Pieced together from the non fiction quotes in the book, I share all of this because it's a fascinating slice of history and if you're still reading, it means you agree. Myers has created characters from each of these periods of Cuthbert's history in the wildly different formats mentioned above.
We hear from Cuthbert (affectionately known as Cuddy) early in the book but he's already close to death:
"Well now. You should have been here a candle or two ago. The scenes of despair amongst the monks at my final days of retreat to this bluff in the foaming ocean was quite the picture." Page 7I love that phrase, 'a candle or two ago.' In Book I we join the religious folk in 995 AD carrying Cuthbert's remains and an orphan girl who has visions regarding his final resting place.
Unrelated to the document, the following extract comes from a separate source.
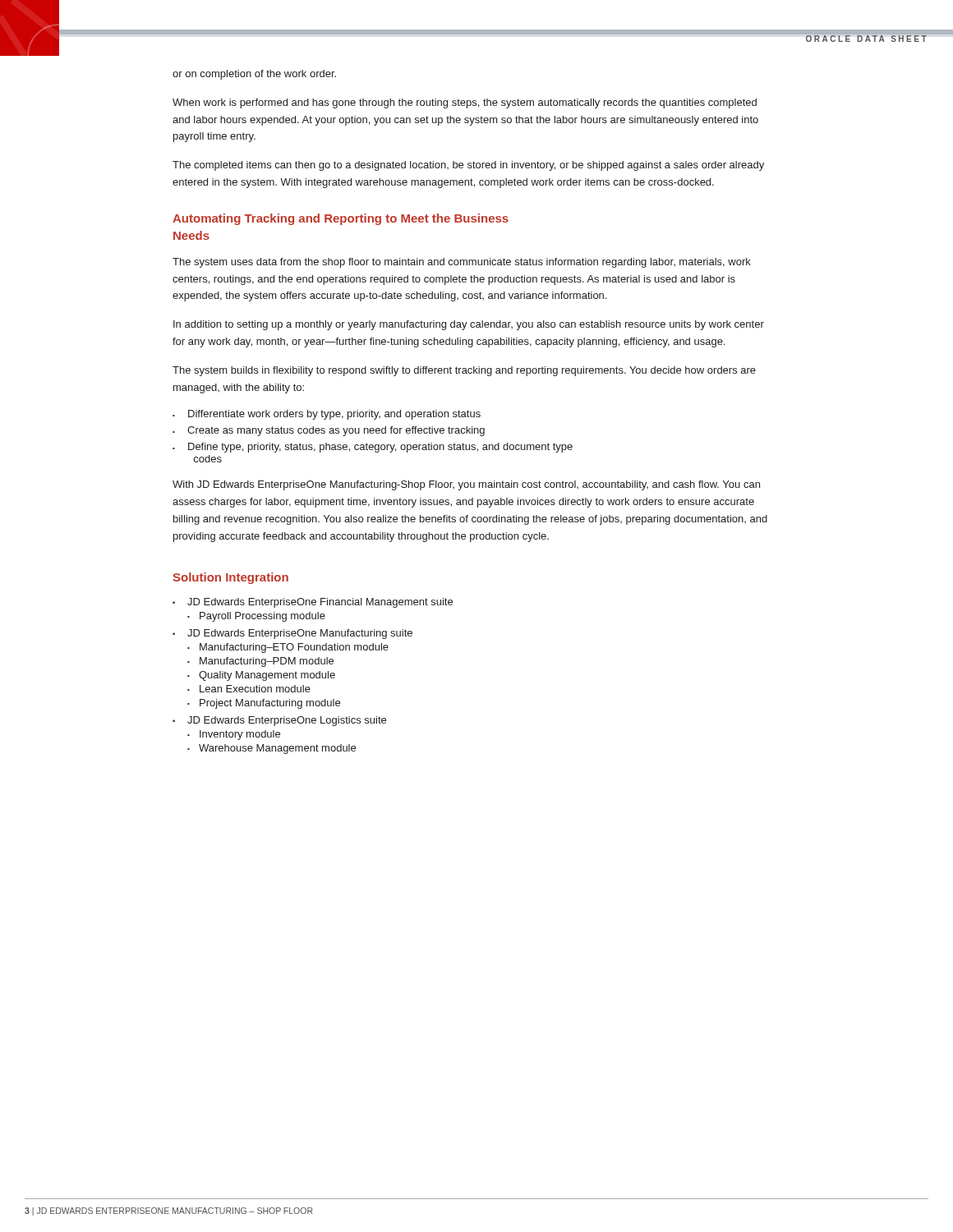
Task: Find the text block with the text "When work is performed and has"
Action: tap(465, 119)

In Book II we jump to the year 1346 and through the eyes of the fletcher's wife, meet a stonemason engaged in building the great Durham Cathedral. The work of the mason and the history of the stone - then and now centuries later - was beautifully written:
"In the stone is yesterday's sun and the stories it has seen, not only of wandering holy folk and the fiery Norse, not only old white churches and milkmaids, galloping Frenchmen and the green men that took to the trees but other details not always pressed to the page by monks. Everything the stone has borne silent witness to is held within it now...... Rainstorms and quarrymen, Picts, plague pits and paupers, hawkers and jesters, skirling new life and coughing old death, archers and anglers, devils and angels, sunrises and sunsets, courting couples sitting on stone walls watching snowfall, villeins and franklin and wandering freemen, nets of cuttlefish and pails of crabs, sores and scabs, bed-bound mothers and gaoled fathers, babies - a thousand wailing babies - and church bells, cabbage soup and nettles and worms and sacks and jam and garlic and knives and deer and murder and toll gates and caravans and soothsayers and plums and coffin-makers and lepers and laughter and ice and logs and oats and sex and sin and Cuddy and Jesus and God." Page 237I know that was a long quote, but it perfectly captures the awe and wonder I feel when gazing at a Cathedral built more than 1000 years ago and I want to be able to revisit these words again, even if I no longer have the book.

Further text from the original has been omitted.